Over the last few weeks, a lot of the conversations I’ve had with businesses in the consumer packaged goods (CPG) sector have been focused on a number of core challenges. As these companies look to navigate their way into ‘the new normal’ caused by the COVID-19 pandemic, it’s becoming increasingly difficult for supply chain and logistics teams to get an accurate feel for what’s happening in terms of supply and demand.
A major issue for CPGs currently is the fluctuation in the demand signal. The ever-changing political and economic landscape has made it almost impossible for businesses to make the “right decisions,” with over resourcing and buffer stock now more apparent than ever.

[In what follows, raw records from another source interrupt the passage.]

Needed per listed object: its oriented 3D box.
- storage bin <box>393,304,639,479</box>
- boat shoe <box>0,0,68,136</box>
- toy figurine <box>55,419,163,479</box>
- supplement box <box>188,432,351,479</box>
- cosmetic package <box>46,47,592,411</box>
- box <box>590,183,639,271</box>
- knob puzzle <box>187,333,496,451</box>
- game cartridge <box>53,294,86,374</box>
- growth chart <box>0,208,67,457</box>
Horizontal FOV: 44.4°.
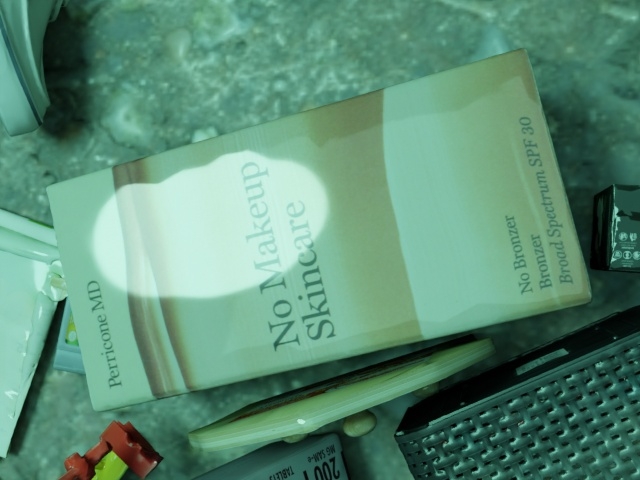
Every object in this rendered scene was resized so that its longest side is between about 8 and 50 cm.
[{"bbox_3d":[0.146,0.110,0.471,0.180,0.122,0.084,-27,83,9],"label":"storage bin"},{"bbox_3d":[-0.223,-0.206,0.573,0.084,0.095,0.258,-13,87,-15],"label":"boat shoe"},{"bbox_3d":[-0.181,0.324,0.504,0.217,0.191,0.362,42,97,5],"label":"toy figurine"},{"bbox_3d":[-0.018,0.257,0.488,0.073,0.130,0.239,-19,84,38],"label":"supplement box"},{"bbox_3d":[0.000,0.000,0.502,0.296,0.129,0.153,-16,86,11],"label":"cosmetic package"},{"bbox_3d":[0.203,-0.005,0.483,0.062,0.083,0.052,3,90,11],"label":"box"},{"bbox_3d":[0.012,0.099,0.462,0.213,0.213,0.029,-19,83,10],"label":"knob puzzle"},{"bbox_3d":[-0.162,0.061,0.582,0.056,0.017,0.083,11,94,-10],"label":"game cartridge"},{"bbox_3d":[-0.283,0.079,0.612,0.172,0.021,0.237,24,93,12],"label":"growth chart"}]

Common conversations I’ve had have been centered around product availability; some businesses aren’t producing enough stock to fill the retailer’s shelves, struggling with products, resource and raw materials. Others are struggling for enough logistics capacity, while others have capacity but are overstocking – leading to unnecessary wastage.
Solving the problem
So, how do you solve a problem like fluctuating demand? Well, before I go any further, I’d really recommend checking out the on-demand webinar hosted by my Peak colleague, data scientist Dr Simon Spavound. For me, he hits the nail on the head when it comes to the role of forecasting in the CPG supply chain.
Simon’s advice is for businesses to stop chasing the perfect forecast – it doesn’t exist, and you’re never going to be in a position to forecast with perfect, 100% accuracy. There’s only so far a good forecast can get you; in our view, what you need to be doing is becoming more comfortable with short term, reactive decision making in response to uncertainty. What’s coming through the door? What’s the best action you could possibly take right now?
The power of data
For businesses, being able to react optimally to fluctuations in demand has never been so important. However, it’s easier said than done. How can you possibly spot the demand signal in all of that noise? And what is the ‘optimal’ reaction?

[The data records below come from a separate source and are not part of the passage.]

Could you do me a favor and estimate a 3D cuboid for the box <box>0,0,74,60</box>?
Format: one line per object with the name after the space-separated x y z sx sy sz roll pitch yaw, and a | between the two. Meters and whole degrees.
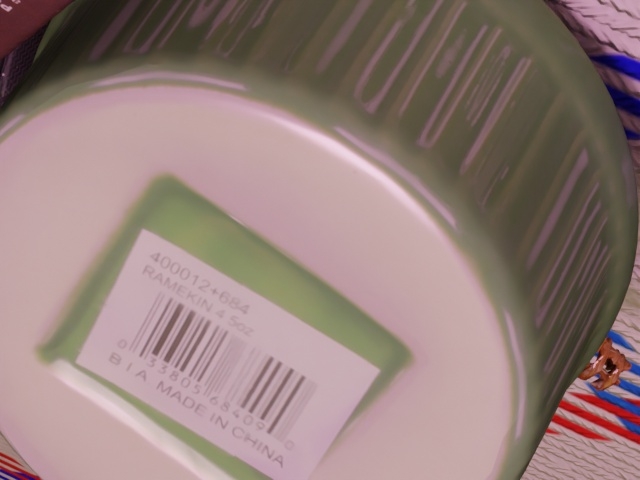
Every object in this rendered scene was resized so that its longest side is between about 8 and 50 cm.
-0.154 -0.176 0.707 0.167 0.168 0.203 33 157 -18 | box

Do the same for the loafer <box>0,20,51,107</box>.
-0.182 -0.061 1.076 0.095 0.109 0.302 25 161 13 | loafer

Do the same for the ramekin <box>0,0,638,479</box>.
-0.020 0.012 0.830 0.303 0.148 0.303 10 125 15 | ramekin

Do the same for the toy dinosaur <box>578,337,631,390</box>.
0.000 0.000 0.970 0.322 0.164 0.218 44 143 13 | toy dinosaur
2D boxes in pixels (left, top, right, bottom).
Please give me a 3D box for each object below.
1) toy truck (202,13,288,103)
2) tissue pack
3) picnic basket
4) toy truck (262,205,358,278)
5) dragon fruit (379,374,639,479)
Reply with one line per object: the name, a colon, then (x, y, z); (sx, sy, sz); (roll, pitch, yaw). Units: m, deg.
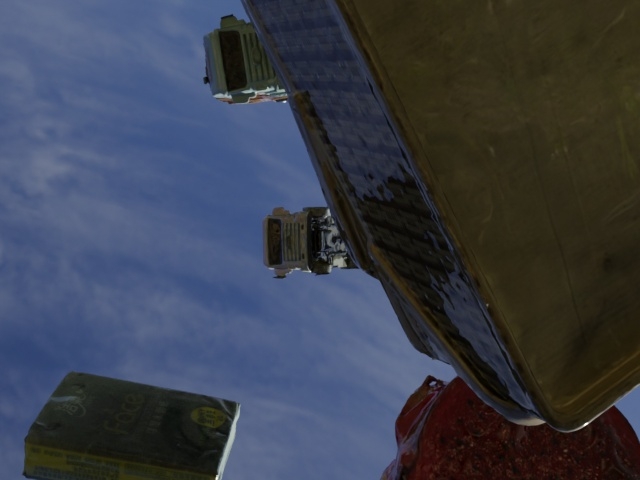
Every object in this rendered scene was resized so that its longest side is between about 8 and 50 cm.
toy truck: (-0.115, -0.293, 1.591); (0.162, 0.136, 0.305); (-9, -174, 2)
tissue pack: (-0.253, 0.274, 1.315); (0.257, 0.081, 0.185); (10, -159, 1)
picnic basket: (0.120, -0.075, 0.574); (0.228, 0.312, 0.175); (-32, -162, -12)
toy truck: (0.000, 0.000, 1.375); (0.114, 0.098, 0.227); (-1, -179, 28)
dragon fruit: (0.227, 0.346, 1.208); (0.386, 0.249, 0.370); (12, -120, -20)
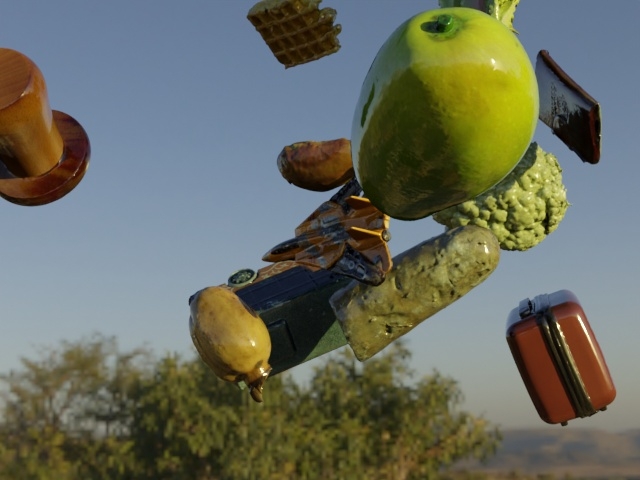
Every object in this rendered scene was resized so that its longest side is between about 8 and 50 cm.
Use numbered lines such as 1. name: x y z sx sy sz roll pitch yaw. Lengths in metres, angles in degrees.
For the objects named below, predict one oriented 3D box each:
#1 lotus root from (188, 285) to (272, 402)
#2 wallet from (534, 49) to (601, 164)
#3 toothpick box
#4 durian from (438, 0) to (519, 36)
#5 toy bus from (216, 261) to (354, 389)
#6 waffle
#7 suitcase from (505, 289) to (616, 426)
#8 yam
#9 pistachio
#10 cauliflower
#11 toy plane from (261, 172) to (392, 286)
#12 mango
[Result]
1. lotus root: -0.145 0.170 1.818 0.118 0.221 0.125 -35 -25 -14
2. wallet: 0.441 -0.235 1.947 0.031 0.137 0.255 -10 32 -8
3. toothpick box: -0.508 -0.188 1.847 0.192 0.192 0.294 -3 -29 4
4. durian: 0.305 -0.496 2.022 0.157 0.355 0.169 4 -6 1
5. toy bus: -0.057 0.132 2.028 0.323 0.162 0.194 -22 27 -10
6. waffle: -0.043 -0.462 2.328 0.211 0.055 0.160 -8 -52 51
7. suitcase: 0.471 0.223 2.144 0.161 0.236 0.297 -23 -1 12
8. yam: 0.153 0.082 1.801 0.330 0.133 0.133 -32 -22 22
9. pistachio: 0.005 -0.115 1.756 0.173 0.049 0.089 -3 -52 26
10. cauliflower: 0.342 -0.108 2.120 0.272 0.275 0.250 -22 4 20
11. toy plane: 0.011 0.002 1.779 0.103 0.204 0.316 9 -19 -30
12. mango: 0.129 -0.121 1.219 0.192 0.156 0.343 31 -27 4
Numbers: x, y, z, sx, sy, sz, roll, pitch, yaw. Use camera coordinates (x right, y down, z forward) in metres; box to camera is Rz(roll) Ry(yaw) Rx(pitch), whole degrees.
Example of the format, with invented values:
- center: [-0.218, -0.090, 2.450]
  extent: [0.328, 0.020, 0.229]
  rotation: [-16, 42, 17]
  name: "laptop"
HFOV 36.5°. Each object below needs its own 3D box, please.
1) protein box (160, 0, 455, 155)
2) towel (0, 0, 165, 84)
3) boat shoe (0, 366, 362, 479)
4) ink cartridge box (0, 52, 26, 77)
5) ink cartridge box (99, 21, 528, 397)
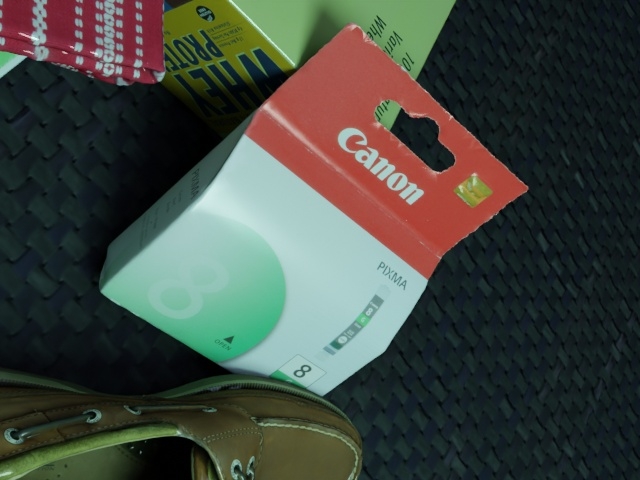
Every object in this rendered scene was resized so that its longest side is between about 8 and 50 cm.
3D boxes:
- center: [-0.028, -0.189, 0.653]
  extent: [0.201, 0.136, 0.200]
  rotation: [42, 63, -31]
  name: "protein box"
- center: [-0.175, -0.169, 0.334]
  extent: [0.275, 0.031, 0.199]
  rotation: [7, 74, -43]
  name: "towel"
- center: [-0.088, 0.145, 0.578]
  extent: [0.307, 0.104, 0.111]
  rotation: [7, 100, -35]
  name: "boat shoe"
- center: [-0.277, -0.152, 0.401]
  extent: [0.289, 0.211, 0.121]
  rotation: [54, 55, -22]
  name: "ink cartridge box"
- center: [0.000, 0.000, 0.622]
  extent: [0.181, 0.224, 0.056]
  rotation: [37, 27, -30]
  name: "ink cartridge box"
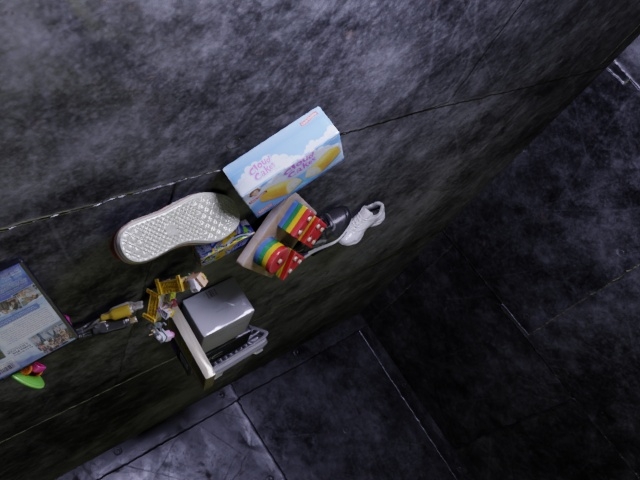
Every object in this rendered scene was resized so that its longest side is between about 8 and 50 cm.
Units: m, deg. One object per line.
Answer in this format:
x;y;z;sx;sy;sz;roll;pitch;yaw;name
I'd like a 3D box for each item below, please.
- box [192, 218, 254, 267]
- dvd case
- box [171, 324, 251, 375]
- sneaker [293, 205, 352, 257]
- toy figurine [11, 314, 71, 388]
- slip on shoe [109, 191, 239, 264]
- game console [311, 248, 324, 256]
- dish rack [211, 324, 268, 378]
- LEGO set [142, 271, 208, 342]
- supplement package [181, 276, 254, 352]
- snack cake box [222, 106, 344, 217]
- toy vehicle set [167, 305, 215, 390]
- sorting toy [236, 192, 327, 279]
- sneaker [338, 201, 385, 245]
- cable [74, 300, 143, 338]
-0.267;0.006;1.487;0.169;0.054;0.059;-27;162;-22;box
-0.632;0.165;1.090;0.180;0.022;0.252;-30;135;-19;dvd case
-0.421;0.379;2.074;0.271;0.143;0.165;-27;163;-25;box
-0.020;-0.024;1.802;0.283;0.107;0.124;-36;157;6;sneaker
-0.657;0.226;1.245;0.159;0.173;0.130;-52;167;-13;toy figurine
-0.324;-0.031;1.217;0.101;0.122;0.331;-6;-165;45;slip on shoe
0.000;0.000;2.060;0.122;0.071;0.107;-31;-167;-9;game console
-0.393;0.470;2.245;0.333;0.072;0.286;-27;-164;-31;dish rack
-0.407;0.155;1.533;0.287;0.132;0.107;-51;167;27;LEGO set
-0.361;0.263;1.852;0.194;0.149;0.203;-25;161;-29;supplement package
-0.080;-0.180;1.267;0.264;0.089;0.152;-34;164;-3;snack cake box
-0.431;0.356;1.776;0.035;0.266;0.166;-26;163;-26;toy vehicle set
-0.098;0.003;1.592;0.255;0.089;0.257;-55;162;-1;sorting toy
0.151;-0.076;2.032;0.232;0.090;0.115;-40;159;-20;sneaker
-0.628;0.227;1.461;0.288;0.072;0.139;-12;172;-27;cable

The truth is that scenario planning is very, very difficult – and it’s something that us mere humans haven’t quite mastered just yet. “If we were to X, how would this affect Y?” may sound like a simple question, but the answer is often hard to decipher.
Let’s look at a practical example. Imagine you’re a crisps manufacturer and, completely out of the blue, you receive an astronomical order from a leading supermarket chain (who are, naturally, a very important customer!)

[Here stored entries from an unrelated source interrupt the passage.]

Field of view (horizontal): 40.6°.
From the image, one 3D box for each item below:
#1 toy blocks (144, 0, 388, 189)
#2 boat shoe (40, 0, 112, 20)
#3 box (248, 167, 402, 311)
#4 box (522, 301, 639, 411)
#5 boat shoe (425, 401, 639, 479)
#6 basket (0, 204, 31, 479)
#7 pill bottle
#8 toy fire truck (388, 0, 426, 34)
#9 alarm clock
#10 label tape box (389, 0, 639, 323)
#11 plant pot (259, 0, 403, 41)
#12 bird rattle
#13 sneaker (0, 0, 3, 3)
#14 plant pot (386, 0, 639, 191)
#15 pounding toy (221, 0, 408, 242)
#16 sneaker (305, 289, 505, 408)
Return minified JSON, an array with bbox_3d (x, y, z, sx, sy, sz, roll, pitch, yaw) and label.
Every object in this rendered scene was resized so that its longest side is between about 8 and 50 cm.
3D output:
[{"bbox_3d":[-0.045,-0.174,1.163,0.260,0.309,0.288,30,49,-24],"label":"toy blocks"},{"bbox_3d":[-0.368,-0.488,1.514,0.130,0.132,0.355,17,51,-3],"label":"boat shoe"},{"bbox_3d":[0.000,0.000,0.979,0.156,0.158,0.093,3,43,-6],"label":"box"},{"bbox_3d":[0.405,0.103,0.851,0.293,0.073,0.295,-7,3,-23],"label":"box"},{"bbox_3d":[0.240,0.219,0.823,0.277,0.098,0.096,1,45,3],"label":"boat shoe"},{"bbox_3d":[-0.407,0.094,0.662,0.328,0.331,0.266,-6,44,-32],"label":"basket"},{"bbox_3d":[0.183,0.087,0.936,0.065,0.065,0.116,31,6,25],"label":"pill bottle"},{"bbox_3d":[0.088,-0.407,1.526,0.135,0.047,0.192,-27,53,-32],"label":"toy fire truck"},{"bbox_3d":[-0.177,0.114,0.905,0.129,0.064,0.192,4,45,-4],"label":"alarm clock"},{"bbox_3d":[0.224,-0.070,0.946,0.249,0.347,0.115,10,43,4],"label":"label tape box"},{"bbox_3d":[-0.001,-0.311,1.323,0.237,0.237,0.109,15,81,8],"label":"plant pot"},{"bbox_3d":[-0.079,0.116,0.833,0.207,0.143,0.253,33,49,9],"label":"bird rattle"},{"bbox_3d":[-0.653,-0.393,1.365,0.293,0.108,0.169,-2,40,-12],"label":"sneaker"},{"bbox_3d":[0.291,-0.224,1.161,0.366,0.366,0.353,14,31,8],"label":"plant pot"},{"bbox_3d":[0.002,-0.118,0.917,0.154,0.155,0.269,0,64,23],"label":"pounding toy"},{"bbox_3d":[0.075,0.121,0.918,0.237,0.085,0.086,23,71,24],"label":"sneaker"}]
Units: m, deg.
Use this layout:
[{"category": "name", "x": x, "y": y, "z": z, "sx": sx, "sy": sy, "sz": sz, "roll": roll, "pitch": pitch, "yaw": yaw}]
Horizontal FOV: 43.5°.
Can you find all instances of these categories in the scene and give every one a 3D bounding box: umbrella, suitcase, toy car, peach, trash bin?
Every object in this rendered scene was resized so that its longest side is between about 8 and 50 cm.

Your business would be faced with a difficult decision to make. Do you fulfill the order and deal with its knock-on effect on other customers and suppliers? Or, do you tell them no, and risk harming an important relationship and missing your OTIF targets?
The answer, we believe, can be found in your business’ data. If you think about the sheer amount of data you have access to across your supply chain and logistics network, do you think that you could be driving more value from it, and using it to make smarter decisions?
This data could place this customer order in clearer context, in terms of factors such as recent behavior, other customers’ recent orders, their forecasts, and your ability to supply. This highly insightful context allows you to find the signal amongst the noise, and reduces the likelihood of chasing false promises created by common business-alert methodologies. This insight allows for an AI-generated recommendation on fulfilling this order and replenishing stock to ensure global service is met in the near future.
A unified, holistic view of your data can help you and your business decide what your next move should be. When this data is leveraged with the power of artificial intelligence (AI), you can draw otherwise-hidden insights that a human would never have spotted, in order to identify the right demand signal and make quicker, reactive decisions to cope with the current fluctuating market.
By connecting traditionally siloed sources of data, such as sales data and supply chain data, for example, your business can improve connectivity across the entire value chain. In summary, it can help you to find that perfect balance between fulfilling demand, planning ahead as best you can, and keeping your customers happy.